_Your objective_
Please print each entry below exactly as it stands, but without any pictures.
──────────
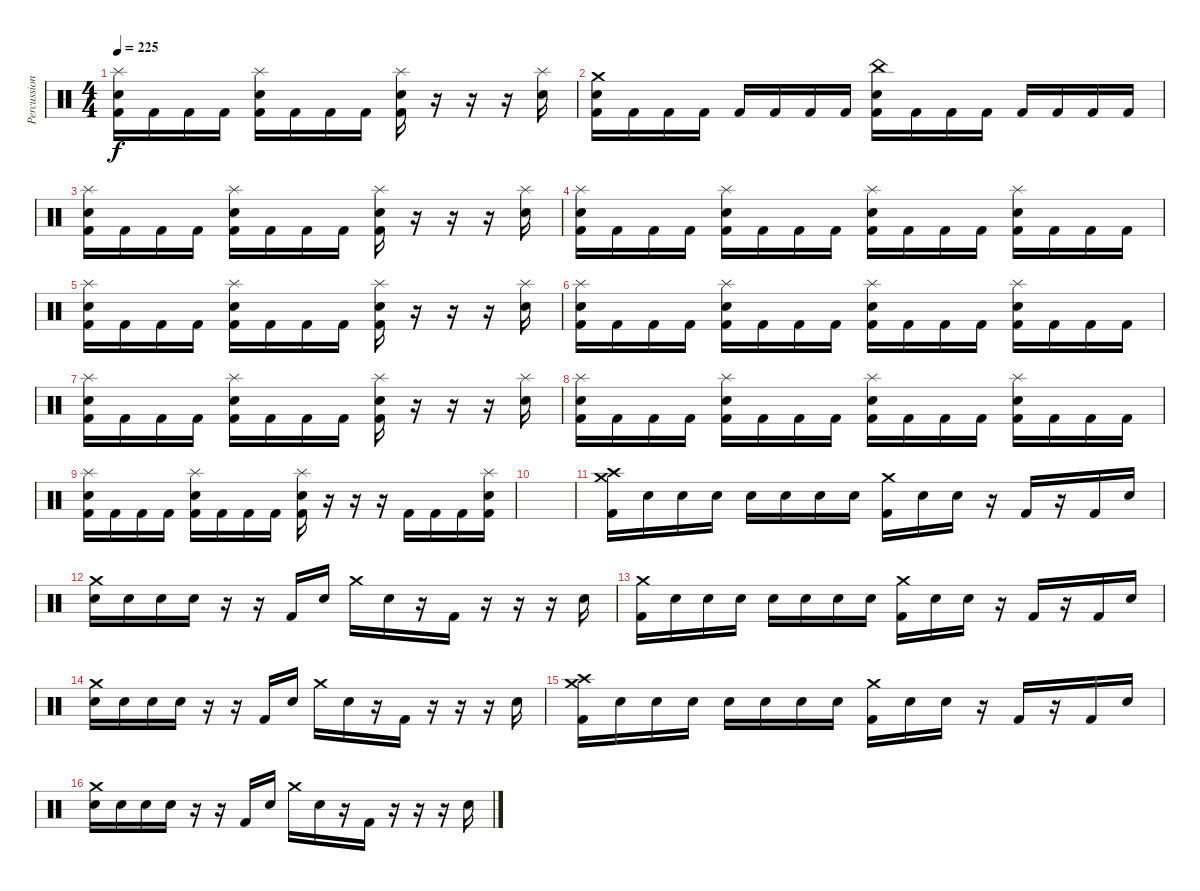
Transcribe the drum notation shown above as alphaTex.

\track ("Percussion" "Percussion") {instrument percussion}
\staff {score}
\articulation defaults
\ts (4 4)
\tempo 225
\clef neutral
\ks c
("Splash (hit)" "Snare (hit) 2" "Kick (hit) 2").16{dy f} "Kick (hit) 2".16 "Kick (hit) 2".16 "Kick (hit) 2".16 ("Splash (hit)" "Snare (hit) 2" "Kick (hit) 2").16 "Kick (hit) 2".16 "Kick (hit) 2".16 "Kick (hit) 2".16 ("Splash (hit)" "Snare (hit) 2" "Kick (hit) 2").16 r.16 r.16 r.16 ("Splash (hit)" "Snare (hit) 2").16 |
("Crash medium (hit)" "Snare (hit) 2" "Kick (hit) 2").16 "Kick (hit) 2".16 "Kick (hit) 2".16 "Kick (hit) 2".16 "Kick (hit) 2".16 "Kick (hit) 2".16 "Kick (hit) 2".16 "Kick (hit) 2".16 ("China (hit)" "Snare (hit) 2" "Kick (hit) 2").16 "Kick (hit) 2".16 "Kick (hit) 2".16 "Kick (hit) 2".16 "Kick (hit) 2".16 "Kick (hit) 2".16 "Kick (hit) 2".16 "Kick (hit) 2".16 |
("Splash (hit)" "Snare (hit) 2" "Kick (hit) 2").16 "Kick (hit) 2".16 "Kick (hit) 2".16 "Kick (hit) 2".16 ("Splash (hit)" "Snare (hit) 2" "Kick (hit) 2").16 "Kick (hit) 2".16 "Kick (hit) 2".16 "Kick (hit) 2".16 ("Splash (hit)" "Snare (hit) 2" "Kick (hit) 2").16 r.16 r.16 r.16 ("Splash (hit)" "Snare (hit) 2").16 |
("Splash (hit)" "Snare (hit) 2" "Kick (hit) 2").16 "Kick (hit) 2".16 "Kick (hit) 2".16 "Kick (hit) 2".16 ("Splash (hit)" "Snare (hit) 2" "Kick (hit) 2").16 "Kick (hit) 2".16 "Kick (hit) 2".16 "Kick (hit) 2".16 ("Splash (hit)" "Snare (hit) 2" "Kick (hit) 2").16 "Kick (hit) 2".16 "Kick (hit) 2".16 "Kick (hit) 2".16 ("Splash (hit)" "Snare (hit) 2" "Kick (hit) 2").16 "Kick (hit) 2".16 "Kick (hit) 2".16 "Kick (hit) 2".16 |
("Splash (hit)" "Snare (hit) 2" "Kick (hit) 2").16 "Kick (hit) 2".16 "Kick (hit) 2".16 "Kick (hit) 2".16 ("Splash (hit)" "Snare (hit) 2" "Kick (hit) 2").16 "Kick (hit) 2".16 "Kick (hit) 2".16 "Kick (hit) 2".16 ("Splash (hit)" "Snare (hit) 2" "Kick (hit) 2").16 r.16 r.16 r.16 ("Splash (hit)" "Snare (hit) 2").16 |
("Splash (hit)" "Snare (hit) 2" "Kick (hit) 2").16 "Kick (hit) 2".16 "Kick (hit) 2".16 "Kick (hit) 2".16 ("Splash (hit)" "Snare (hit) 2" "Kick (hit) 2").16 "Kick (hit) 2".16 "Kick (hit) 2".16 "Kick (hit) 2".16 ("Splash (hit)" "Snare (hit) 2" "Kick (hit) 2").16 "Kick (hit) 2".16 "Kick (hit) 2".16 "Kick (hit) 2".16 ("Splash (hit)" "Snare (hit) 2" "Kick (hit) 2").16 "Kick (hit) 2".16 "Kick (hit) 2".16 "Kick (hit) 2".16 |
("Splash (hit)" "Snare (hit) 2" "Kick (hit) 2").16 "Kick (hit) 2".16 "Kick (hit) 2".16 "Kick (hit) 2".16 ("Splash (hit)" "Snare (hit) 2" "Kick (hit) 2").16 "Kick (hit) 2".16 "Kick (hit) 2".16 "Kick (hit) 2".16 ("Splash (hit)" "Snare (hit) 2" "Kick (hit) 2").16 r.16 r.16 r.16 ("Splash (hit)" "Snare (hit) 2").16 |
("Splash (hit)" "Snare (hit) 2" "Kick (hit) 2").16 "Kick (hit) 2".16 "Kick (hit) 2".16 "Kick (hit) 2".16 ("Splash (hit)" "Snare (hit) 2" "Kick (hit) 2").16 "Kick (hit) 2".16 "Kick (hit) 2".16 "Kick (hit) 2".16 ("Splash (hit)" "Snare (hit) 2" "Kick (hit) 2").16 "Kick (hit) 2".16 "Kick (hit) 2".16 "Kick (hit) 2".16 ("Splash (hit)" "Snare (hit) 2" "Kick (hit) 2").16 "Kick (hit) 2".16 "Kick (hit) 2".16 "Kick (hit) 2".16 |
("Splash (hit)" "Snare (hit) 2" "Kick (hit) 2").16 "Kick (hit) 2".16 "Kick (hit) 2".16 "Kick (hit) 2".16 ("Splash (hit)" "Snare (hit) 2" "Kick (hit) 2").16 "Kick (hit) 2".16 "Kick (hit) 2".16 "Kick (hit) 2".16 ("Splash (hit)" "Snare (hit) 2" "Kick (hit) 2").16 r.16 r.16 r.16 "Kick (hit) 2".16 "Kick (hit) 2".16 "Kick (hit) 2".16 ("Splash (hit)" "Snare (hit) 2" "Kick (hit) 2").16 |
|
("Crash high (hit)" "Crash medium (hit)" "Kick (hit) 2").16 "Snare (hit)".16 "Snare (hit)".16 "Snare (hit)".16 "Snare (hit)".16 "Snare (hit)".16 "Snare (hit)".16 "Snare (hit)".16 ("Crash medium (hit)" "Kick (hit) 2").16 "Snare (hit)".16 "Snare (hit)".16 r.16 "Kick (hit) 2".16 r.16 "Kick (hit) 2".16 "Snare (hit)".16 |
("Crash medium (hit)" "Snare (hit) 2").16 "Snare (hit)".16 "Snare (hit)".16 "Snare (hit)".16 r.16 r.16 "Kick (hit) 2".16 "Snare (hit)".16 "Crash medium (hit)".16 "Snare (hit)".16 r.16 "Kick (hit) 2".16 r.16 r.16 r.16 "Snare (hit)".16 |
("Crash medium (hit)" "Kick (hit) 2").16 "Snare (hit)".16 "Snare (hit)".16 "Snare (hit)".16 "Snare (hit)".16 "Snare (hit)".16 "Snare (hit)".16 "Snare (hit)".16 ("Crash medium (hit)" "Kick (hit) 2").16 "Snare (hit)".16 "Snare (hit)".16 r.16 "Kick (hit) 2".16 r.16 "Kick (hit) 2".16 "Snare (hit)".16 |
("Crash medium (hit)" "Snare (hit) 2").16 "Snare (hit)".16 "Snare (hit)".16 "Snare (hit)".16 r.16 r.16 "Kick (hit) 2".16 "Snare (hit)".16 "Crash medium (hit)".16 "Snare (hit)".16 r.16 "Kick (hit) 2".16 r.16 r.16 r.16 "Snare (hit)".16 |
("Crash high (hit)" "Crash medium (hit)" "Kick (hit) 2").16 "Snare (hit)".16 "Snare (hit)".16 "Snare (hit)".16 "Snare (hit)".16 "Snare (hit)".16 "Snare (hit)".16 "Snare (hit)".16 ("Crash medium (hit)" "Kick (hit) 2").16 "Snare (hit)".16 "Snare (hit)".16 r.16 "Kick (hit) 2".16 r.16 "Kick (hit) 2".16 "Snare (hit)".16 |
("Crash medium (hit)" "Snare (hit) 2").16 "Snare (hit)".16 "Snare (hit)".16 "Snare (hit)".16 r.16 r.16 "Kick (hit) 2".16 "Snare (hit)".16 "Crash medium (hit)".16 "Snare (hit)".16 r.16 "Kick (hit) 2".16 r.16 r.16 r.16 "Snare (hit)".16
──────────
_Response to this task_
Transcribe the drum notation shown above as alphaTex.

\track ("Percussion" "Percussion") {instrument percussion}
\staff {score}
\articulation defaults
\ts (4 4)
\tempo 225
\clef neutral
\ks c
("Splash (hit)" "Snare (hit) 2" "Kick (hit) 2").16{dy f} "Kick (hit) 2".16 "Kick (hit) 2".16 "Kick (hit) 2".16 ("Splash (hit)" "Snare (hit) 2" "Kick (hit) 2").16 "Kick (hit) 2".16 "Kick (hit) 2".16 "Kick (hit) 2".16 ("Splash (hit)" "Snare (hit) 2" "Kick (hit) 2").16 r.16 r.16 r.16 ("Splash (hit)" "Snare (hit) 2").16 |
("Crash medium (hit)" "Snare (hit) 2" "Kick (hit) 2").16 "Kick (hit) 2".16 "Kick (hit) 2".16 "Kick (hit) 2".16 "Kick (hit) 2".16 "Kick (hit) 2".16 "Kick (hit) 2".16 "Kick (hit) 2".16 ("China (hit)" "Snare (hit) 2" "Kick (hit) 2").16 "Kick (hit) 2".16 "Kick (hit) 2".16 "Kick (hit) 2".16 "Kick (hit) 2".16 "Kick (hit) 2".16 "Kick (hit) 2".16 "Kick (hit) 2".16 |
("Splash (hit)" "Snare (hit) 2" "Kick (hit) 2").16 "Kick (hit) 2".16 "Kick (hit) 2".16 "Kick (hit) 2".16 ("Splash (hit)" "Snare (hit) 2" "Kick (hit) 2").16 "Kick (hit) 2".16 "Kick (hit) 2".16 "Kick (hit) 2".16 ("Splash (hit)" "Snare (hit) 2" "Kick (hit) 2").16 r.16 r.16 r.16 ("Splash (hit)" "Snare (hit) 2").16 |
("Splash (hit)" "Snare (hit) 2" "Kick (hit) 2").16 "Kick (hit) 2".16 "Kick (hit) 2".16 "Kick (hit) 2".16 ("Splash (hit)" "Snare (hit) 2" "Kick (hit) 2").16 "Kick (hit) 2".16 "Kick (hit) 2".16 "Kick (hit) 2".16 ("Splash (hit)" "Snare (hit) 2" "Kick (hit) 2").16 "Kick (hit) 2".16 "Kick (hit) 2".16 "Kick (hit) 2".16 ("Splash (hit)" "Snare (hit) 2" "Kick (hit) 2").16 "Kick (hit) 2".16 "Kick (hit) 2".16 "Kick (hit) 2".16 |
("Splash (hit)" "Snare (hit) 2" "Kick (hit) 2").16 "Kick (hit) 2".16 "Kick (hit) 2".16 "Kick (hit) 2".16 ("Splash (hit)" "Snare (hit) 2" "Kick (hit) 2").16 "Kick (hit) 2".16 "Kick (hit) 2".16 "Kick (hit) 2".16 ("Splash (hit)" "Snare (hit) 2" "Kick (hit) 2").16 r.16 r.16 r.16 ("Splash (hit)" "Snare (hit) 2").16 |
("Splash (hit)" "Snare (hit) 2" "Kick (hit) 2").16 "Kick (hit) 2".16 "Kick (hit) 2".16 "Kick (hit) 2".16 ("Splash (hit)" "Snare (hit) 2" "Kick (hit) 2").16 "Kick (hit) 2".16 "Kick (hit) 2".16 "Kick (hit) 2".16 ("Splash (hit)" "Snare (hit) 2" "Kick (hit) 2").16 "Kick (hit) 2".16 "Kick (hit) 2".16 "Kick (hit) 2".16 ("Splash (hit)" "Snare (hit) 2" "Kick (hit) 2").16 "Kick (hit) 2".16 "Kick (hit) 2".16 "Kick (hit) 2".16 |
("Splash (hit)" "Snare (hit) 2" "Kick (hit) 2").16 "Kick (hit) 2".16 "Kick (hit) 2".16 "Kick (hit) 2".16 ("Splash (hit)" "Snare (hit) 2" "Kick (hit) 2").16 "Kick (hit) 2".16 "Kick (hit) 2".16 "Kick (hit) 2".16 ("Splash (hit)" "Snare (hit) 2" "Kick (hit) 2").16 r.16 r.16 r.16 ("Splash (hit)" "Snare (hit) 2").16 |
("Splash (hit)" "Snare (hit) 2" "Kick (hit) 2").16 "Kick (hit) 2".16 "Kick (hit) 2".16 "Kick (hit) 2".16 ("Splash (hit)" "Snare (hit) 2" "Kick (hit) 2").16 "Kick (hit) 2".16 "Kick (hit) 2".16 "Kick (hit) 2".16 ("Splash (hit)" "Snare (hit) 2" "Kick (hit) 2").16 "Kick (hit) 2".16 "Kick (hit) 2".16 "Kick (hit) 2".16 ("Splash (hit)" "Snare (hit) 2" "Kick (hit) 2").16 "Kick (hit) 2".16 "Kick (hit) 2".16 "Kick (hit) 2".16 |
("Splash (hit)" "Snare (hit) 2" "Kick (hit) 2").16 "Kick (hit) 2".16 "Kick (hit) 2".16 "Kick (hit) 2".16 ("Splash (hit)" "Snare (hit) 2" "Kick (hit) 2").16 "Kick (hit) 2".16 "Kick (hit) 2".16 "Kick (hit) 2".16 ("Splash (hit)" "Snare (hit) 2" "Kick (hit) 2").16 r.16 r.16 r.16 "Kick (hit) 2".16 "Kick (hit) 2".16 "Kick (hit) 2".16 ("Splash (hit)" "Snare (hit) 2" "Kick (hit) 2").16 |
|
("Crash high (hit)" "Crash medium (hit)" "Kick (hit) 2").16 "Snare (hit)".16 "Snare (hit)".16 "Snare (hit)".16 "Snare (hit)".16 "Snare (hit)".16 "Snare (hit)".16 "Snare (hit)".16 ("Crash medium (hit)" "Kick (hit) 2").16 "Snare (hit)".16 "Snare (hit)".16 r.16 "Kick (hit) 2".16 r.16 "Kick (hit) 2".16 "Snare (hit)".16 |
("Crash medium (hit)" "Snare (hit) 2").16 "Snare (hit)".16 "Snare (hit)".16 "Snare (hit)".16 r.16 r.16 "Kick (hit) 2".16 "Snare (hit)".16 "Crash medium (hit)".16 "Snare (hit)".16 r.16 "Kick (hit) 2".16 r.16 r.16 r.16 "Snare (hit)".16 |
("Crash medium (hit)" "Kick (hit) 2").16 "Snare (hit)".16 "Snare (hit)".16 "Snare (hit)".16 "Snare (hit)".16 "Snare (hit)".16 "Snare (hit)".16 "Snare (hit)".16 ("Crash medium (hit)" "Kick (hit) 2").16 "Snare (hit)".16 "Snare (hit)".16 r.16 "Kick (hit) 2".16 r.16 "Kick (hit) 2".16 "Snare (hit)".16 |
("Crash medium (hit)" "Snare (hit) 2").16 "Snare (hit)".16 "Snare (hit)".16 "Snare (hit)".16 r.16 r.16 "Kick (hit) 2".16 "Snare (hit)".16 "Crash medium (hit)".16 "Snare (hit)".16 r.16 "Kick (hit) 2".16 r.16 r.16 r.16 "Snare (hit)".16 |
("Crash high (hit)" "Crash medium (hit)" "Kick (hit) 2").16 "Snare (hit)".16 "Snare (hit)".16 "Snare (hit)".16 "Snare (hit)".16 "Snare (hit)".16 "Snare (hit)".16 "Snare (hit)".16 ("Crash medium (hit)" "Kick (hit) 2").16 "Snare (hit)".16 "Snare (hit)".16 r.16 "Kick (hit) 2".16 r.16 "Kick (hit) 2".16 "Snare (hit)".16 |
("Crash medium (hit)" "Snare (hit) 2").16 "Snare (hit)".16 "Snare (hit)".16 "Snare (hit)".16 r.16 r.16 "Kick (hit) 2".16 "Snare (hit)".16 "Crash medium (hit)".16 "Snare (hit)".16 r.16 "Kick (hit) 2".16 r.16 r.16 r.16 "Snare (hit)".16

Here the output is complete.